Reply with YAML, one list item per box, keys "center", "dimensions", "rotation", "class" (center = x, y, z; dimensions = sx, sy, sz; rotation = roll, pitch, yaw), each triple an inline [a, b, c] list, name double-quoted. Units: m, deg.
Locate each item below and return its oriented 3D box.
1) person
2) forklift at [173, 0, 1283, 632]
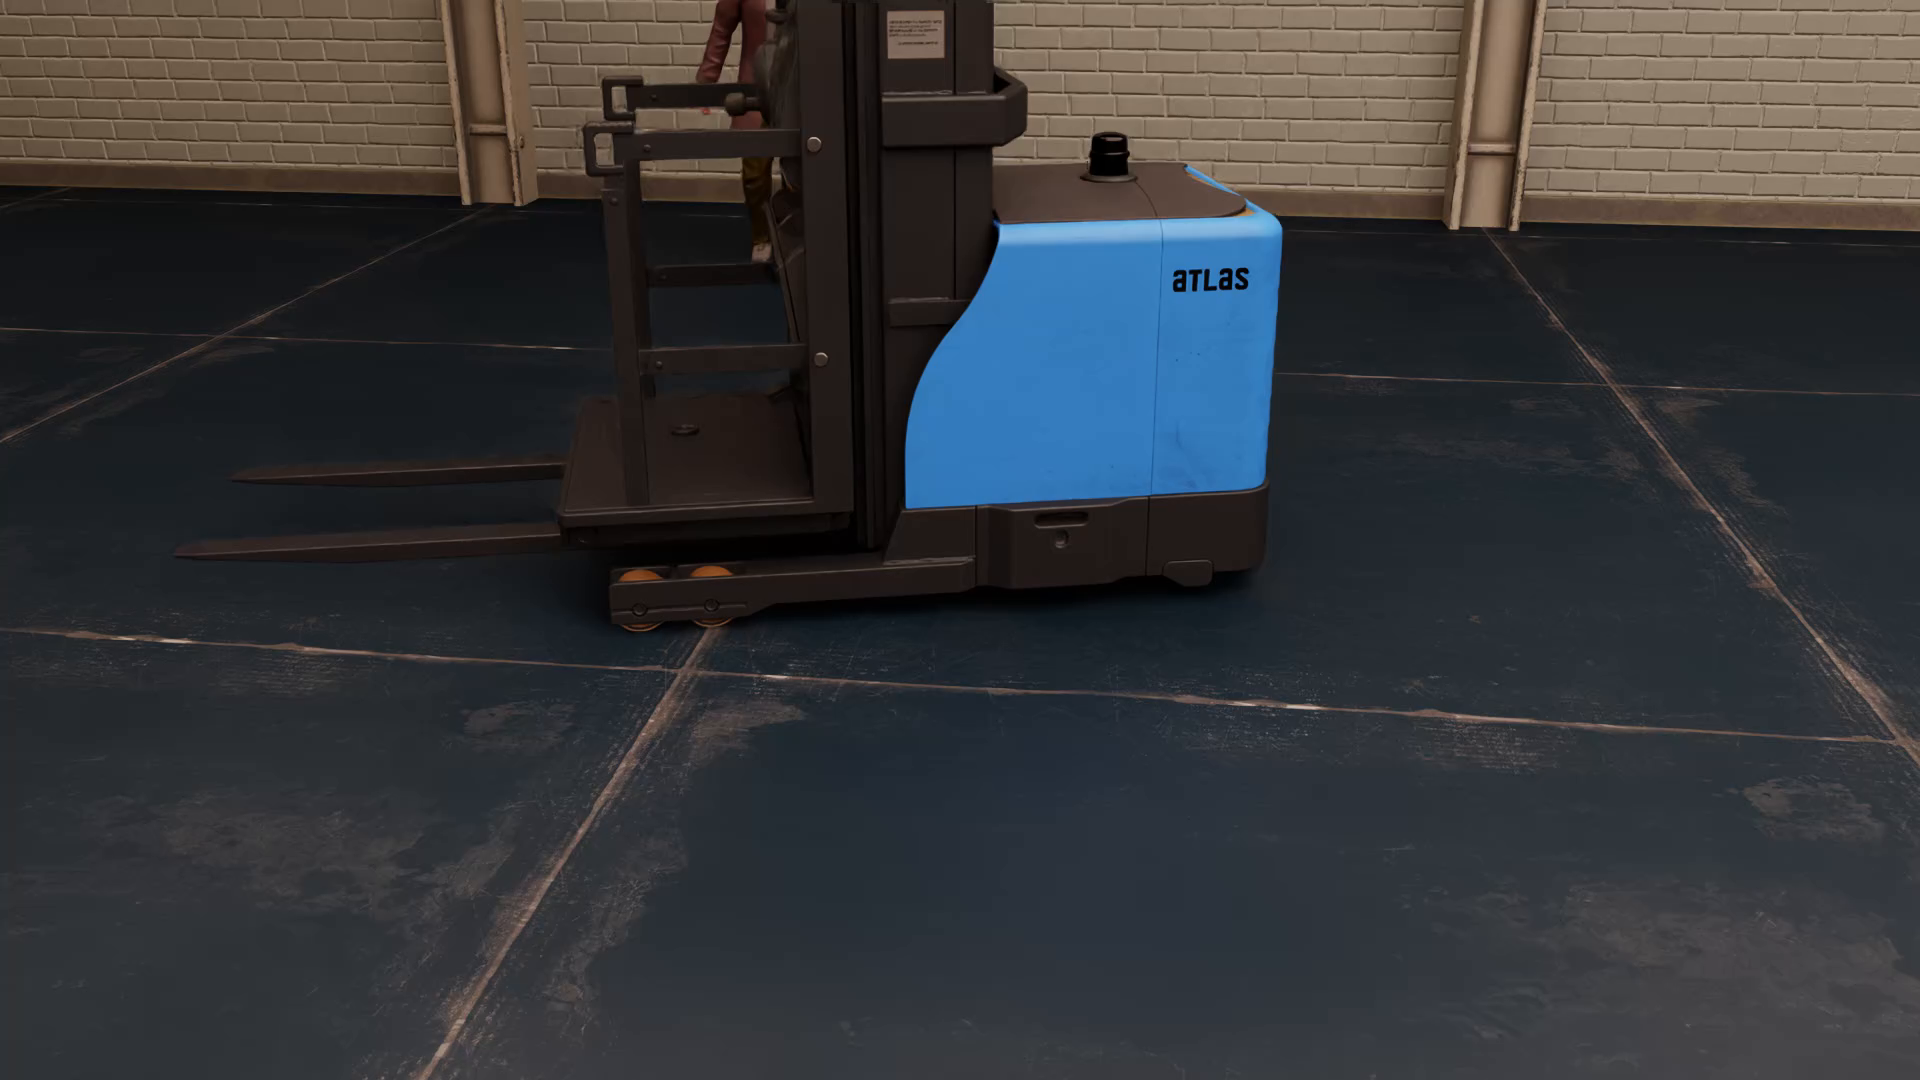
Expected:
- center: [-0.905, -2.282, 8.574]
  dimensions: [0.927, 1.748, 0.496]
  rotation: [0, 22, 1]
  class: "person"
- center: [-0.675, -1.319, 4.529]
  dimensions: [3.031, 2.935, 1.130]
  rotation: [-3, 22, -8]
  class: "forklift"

○ ○ ○

(Problem description)
What you give back must be the data above, reproduced exactly and free of pictures.

(Reply to the task)
Reply with YAML, one list item per box, keys "center", "dimensions", "rotation", "class" (center = x, y, z; dimensions = sx, sy, sz; rotation = roll, pitch, yaw), each triple an inline [a, b, c] list, name double-quoted. Units: m, deg.
Locate each item below and return its oriented 3D box.
1) person
2) forklift at [173, 0, 1283, 632]
Expected:
- center: [-0.905, -2.282, 8.574]
  dimensions: [0.927, 1.748, 0.496]
  rotation: [0, 22, 1]
  class: "person"
- center: [-0.675, -1.319, 4.529]
  dimensions: [3.031, 2.935, 1.130]
  rotation: [-3, 22, -8]
  class: "forklift"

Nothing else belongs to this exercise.